Difficulty:: Very Easy

Mod Base:: TouchWiz (Samsung)

Mod Status:: Stable

Apply In:: CWM Recovery

Carrier:: Verizon

Optional:: Requires Data/Cache Wipe

Requires Root:: Yes

Optional:: Debloated

Android Version:: 4.0.4 (ICS)

Source:: 
First off hi everyone . I'm new to the forums but not new to the rooting and roming game for Android....been doing it since the original Droid. Every day for the past week I've been finding new roms to load on my SGSIII and its great how the devs can do so much with so little because of the locked bootloader. Yeah there pretty much stock roms but a lot of tweaking has been done to them which is awesome. Anyways I've been putting on the Synergy rom since 1.0 then 1.1 and now 1.2, but before that was Beans rom and another one which I can't think of right now. Each time after playing with them using the stock rom to go back to stock and wipe everything clean. Odin never fails to flash back to stock which is a good thing cause I don't want a bricked phone. All of the sudden yesterday after putting 1.1 of Synergy and 1.2 on my phone fails to keep root. I know this because I run a few rooted programs such as cache cleaner by L Sartory and root checker which probably isn't root but will show you if you have proper root installed. Root checker shows once that I have root then when I go to update the binary for superuser thats when everything fubars. Ill be trying to install busybox cause that specific cache cleaner looks for it and it says its not installed. So I go to install Jrummy's busybox and it fails each time now. Then I go to check root checker and I magically don't have root anymore and can't run my rooted apps. I'm extremely confused guys, have I flashed too much to where my system doesn't want to keep root anymore or did I do something worse? Thankfully I can get back to stock by flashing the stock rom in Odin so thats not bad but the root66 corrected rooted rom and the other cruddy one that people have been using refuse to hold root for more than one or two tries. I really don't know what to do anymore, I want root back and the ability to flash the awesome roms that are starting to come out to my phone :-(.


----------



## landshark (Aug 6, 2011)

Development section is for ROM, kernel, and related releases ONLY. Please post questions in the appropriate thread that already exists, or post question threads in the general section. Moving to SGS3 general sub-forum.


----------



## metalhead520 (Jul 26, 2012)

landshark said:


> Development section is for ROM, kernel, and related releases ONLY. Please post questions in the appropriate thread that already exists, or post question threads in the general section. Moving to SGS3 general sub-forum.

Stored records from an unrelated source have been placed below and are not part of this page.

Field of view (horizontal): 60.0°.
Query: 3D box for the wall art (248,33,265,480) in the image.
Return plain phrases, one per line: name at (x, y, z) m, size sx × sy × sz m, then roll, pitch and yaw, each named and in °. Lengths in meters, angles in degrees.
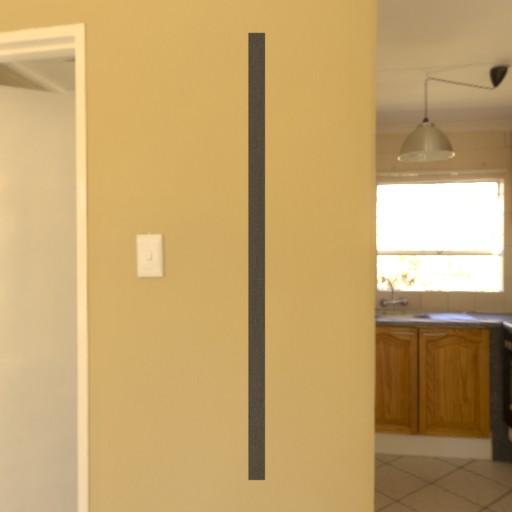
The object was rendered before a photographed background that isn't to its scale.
wall art at (0.000, 0.000, 1.514) m, size 0.038 × 1.016 × 1.016 m, roll 0°, pitch 0°, yaw 0°
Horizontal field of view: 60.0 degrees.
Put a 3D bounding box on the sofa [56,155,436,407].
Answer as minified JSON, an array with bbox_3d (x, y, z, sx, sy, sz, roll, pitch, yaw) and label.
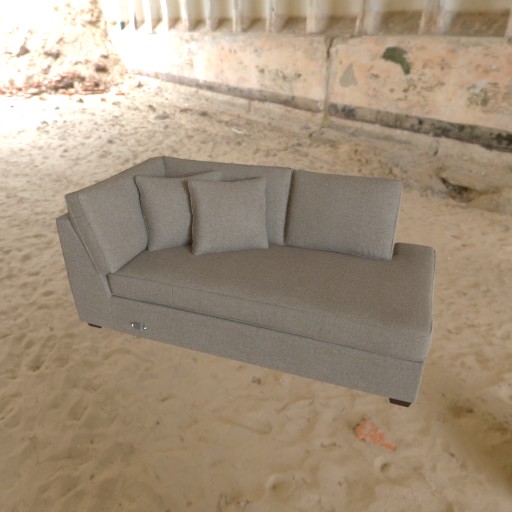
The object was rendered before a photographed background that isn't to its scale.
[{"bbox_3d":[0.000,0.000,2.920,2.238,1.019,1.110,9,29,17],"label":"sofa"}]
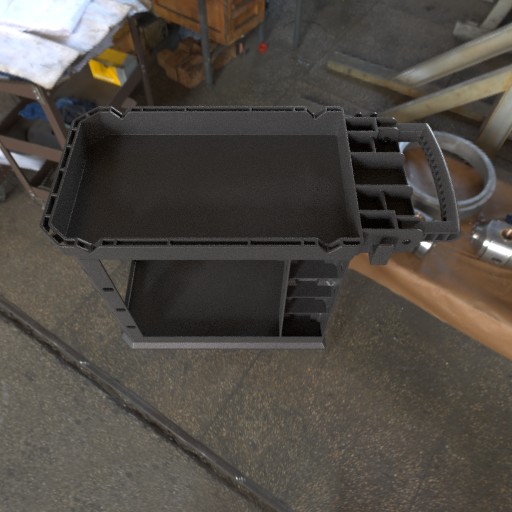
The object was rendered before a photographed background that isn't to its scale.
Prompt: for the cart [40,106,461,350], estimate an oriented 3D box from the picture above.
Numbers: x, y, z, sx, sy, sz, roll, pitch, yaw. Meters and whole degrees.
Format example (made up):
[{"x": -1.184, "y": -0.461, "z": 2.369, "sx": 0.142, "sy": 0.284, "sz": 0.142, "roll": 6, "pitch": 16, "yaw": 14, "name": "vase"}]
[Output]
[{"x": 0.000, "y": 0.000, "z": 1.557, "sx": 1.061, "sy": 0.884, "sz": 0.497, "roll": 0, "pitch": 58, "yaw": 0, "name": "cart"}]
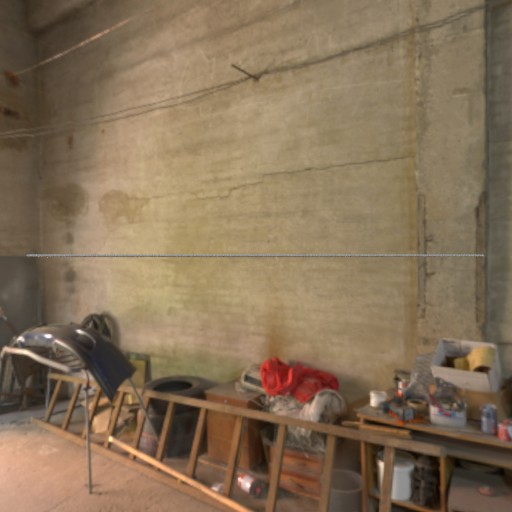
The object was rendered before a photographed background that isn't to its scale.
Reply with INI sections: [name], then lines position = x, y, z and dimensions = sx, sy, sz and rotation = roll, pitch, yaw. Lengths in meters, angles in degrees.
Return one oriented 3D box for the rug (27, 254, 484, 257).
[rug]
position = 0.000, 0.000, 2.544
dimensions = 2.294, 0.011, 0.666
rotation = 0, 0, -1
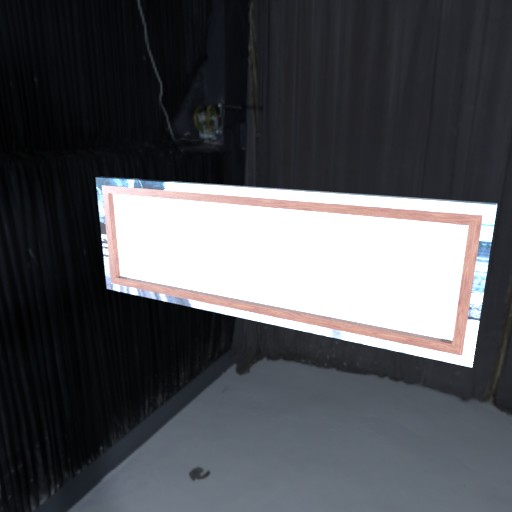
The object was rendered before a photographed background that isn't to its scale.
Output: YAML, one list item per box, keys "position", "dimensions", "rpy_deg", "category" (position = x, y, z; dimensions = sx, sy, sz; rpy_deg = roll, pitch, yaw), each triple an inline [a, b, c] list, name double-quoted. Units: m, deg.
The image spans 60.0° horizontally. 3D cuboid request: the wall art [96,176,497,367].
- position: [0.000, 0.000, 1.652]
  dimensions: [1.524, 0.509, 0.037]
  rpy_deg: [8, 18, 26]
  category: "wall art"
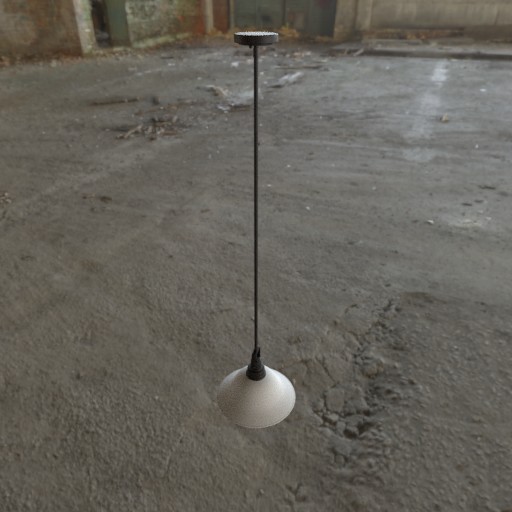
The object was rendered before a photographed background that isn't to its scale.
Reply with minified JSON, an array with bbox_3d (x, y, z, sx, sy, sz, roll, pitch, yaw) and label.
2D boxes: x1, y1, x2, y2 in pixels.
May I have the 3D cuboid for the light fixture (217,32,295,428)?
[{"bbox_3d":[0.000,0.000,1.488,0.324,1.337,0.324,12,33,19],"label":"light fixture"}]
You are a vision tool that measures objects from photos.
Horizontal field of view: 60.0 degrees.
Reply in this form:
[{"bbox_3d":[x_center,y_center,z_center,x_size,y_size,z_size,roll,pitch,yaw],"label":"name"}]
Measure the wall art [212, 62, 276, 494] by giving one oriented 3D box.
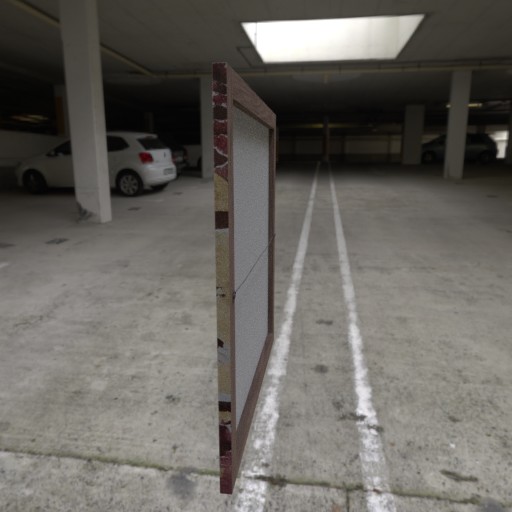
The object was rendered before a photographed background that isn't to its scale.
[{"bbox_3d":[0.000,0.000,1.124,0.028,0.762,0.757,2,12,8],"label":"wall art"}]
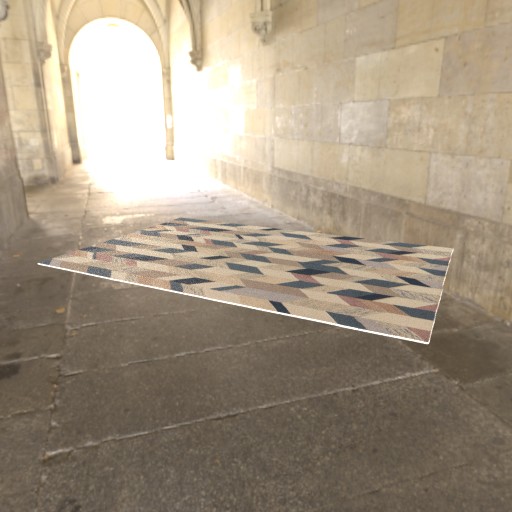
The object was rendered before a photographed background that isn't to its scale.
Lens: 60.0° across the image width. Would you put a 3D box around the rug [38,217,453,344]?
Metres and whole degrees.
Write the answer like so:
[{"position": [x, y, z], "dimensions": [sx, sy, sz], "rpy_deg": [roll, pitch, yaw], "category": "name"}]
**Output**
[{"position": [0.000, 0.000, 2.292], "dimensions": [1.813, 0.006, 1.202], "rpy_deg": [8, 19, 25], "category": "rug"}]
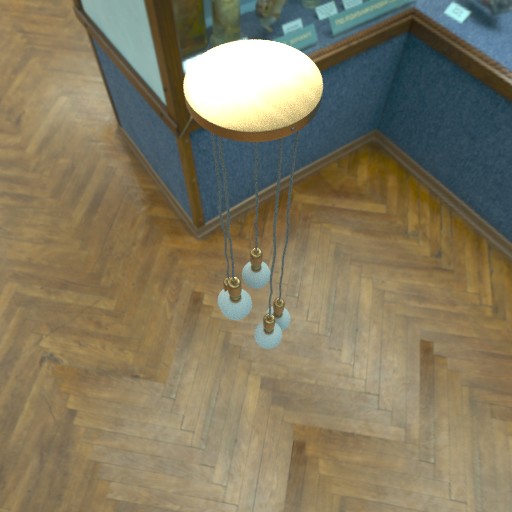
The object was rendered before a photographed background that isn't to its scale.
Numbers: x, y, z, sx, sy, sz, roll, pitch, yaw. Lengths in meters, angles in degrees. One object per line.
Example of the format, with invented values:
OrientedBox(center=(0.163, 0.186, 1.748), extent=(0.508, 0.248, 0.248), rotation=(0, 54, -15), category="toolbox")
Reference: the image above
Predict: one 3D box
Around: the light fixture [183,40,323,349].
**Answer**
OrientedBox(center=(0.000, 0.000, 0.499), extent=(0.108, 0.457, 0.105), rotation=(-29, 63, -16), category="light fixture")
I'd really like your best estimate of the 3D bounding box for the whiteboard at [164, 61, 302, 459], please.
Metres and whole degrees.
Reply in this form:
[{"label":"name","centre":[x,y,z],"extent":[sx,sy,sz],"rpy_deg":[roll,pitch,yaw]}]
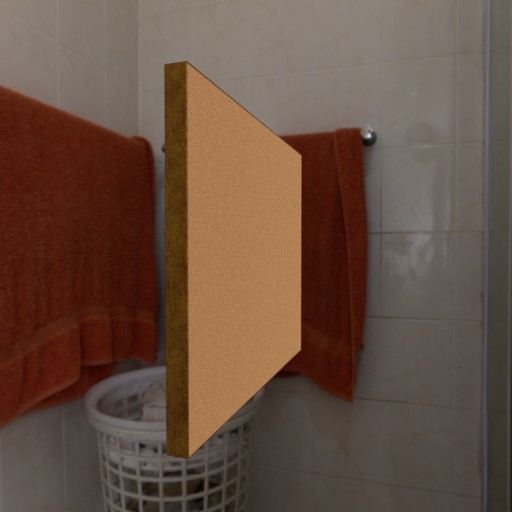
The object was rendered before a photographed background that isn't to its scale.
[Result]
[{"label":"whiteboard","centre":[0.000,0.000,0.778],"extent":[0.029,0.457,0.561],"rpy_deg":[1,2,19]}]
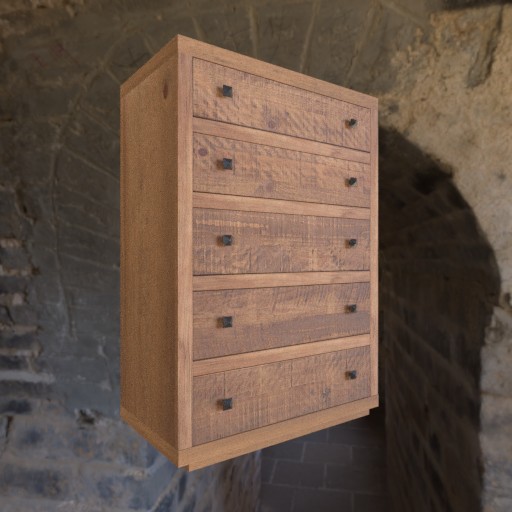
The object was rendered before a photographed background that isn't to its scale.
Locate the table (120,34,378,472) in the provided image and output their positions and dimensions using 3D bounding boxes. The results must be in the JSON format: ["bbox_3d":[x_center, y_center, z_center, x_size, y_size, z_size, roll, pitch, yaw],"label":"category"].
[{"bbox_3d":[0.000,0.000,1.744,0.901,1.294,0.524,0,0,-36],"label":"table"}]

Which one should I have posted in? I can't find the one you're talking about :-(

Nevermind, I see where it went lol. Sorry for the screw up


----------



## landshark (Aug 6, 2011)

metalhead520 said:


> Which one should I have posted in? I can't find the one you're talking about :-(
> 
> Nevermind, I see where it went lol. Sorry for the screw up


No problem. I'm trying to rack my brain and look into a few things to troubleshoot your problem. If I come up with anything I'll post it.


----------



## Jaxidian (Jun 6, 2011)

Any chance you've installed both the Superuser and SuperSU apps (by ChainsDD and Chainfire, respectively)? If you have ever installed both (which be easy to do due to the app names and dev names being so similar), then you can end up in a state where you lose root. Also, if you happen to uninstall one of these, you REALLY run the risk of losing root.


----------



## metalhead520 (Jul 26, 2012)

Jaxidian said:


> Any chance you've installed both the Superuser and SuperSU apps (by ChainsDD and Chainfire, respectively)? If you have ever installed both (which be easy to do due to the app names and dev names being so similar), then you can end up in a state where you lose root. Also, if you happen to uninstall one of these, you REALLY run the risk of losing root.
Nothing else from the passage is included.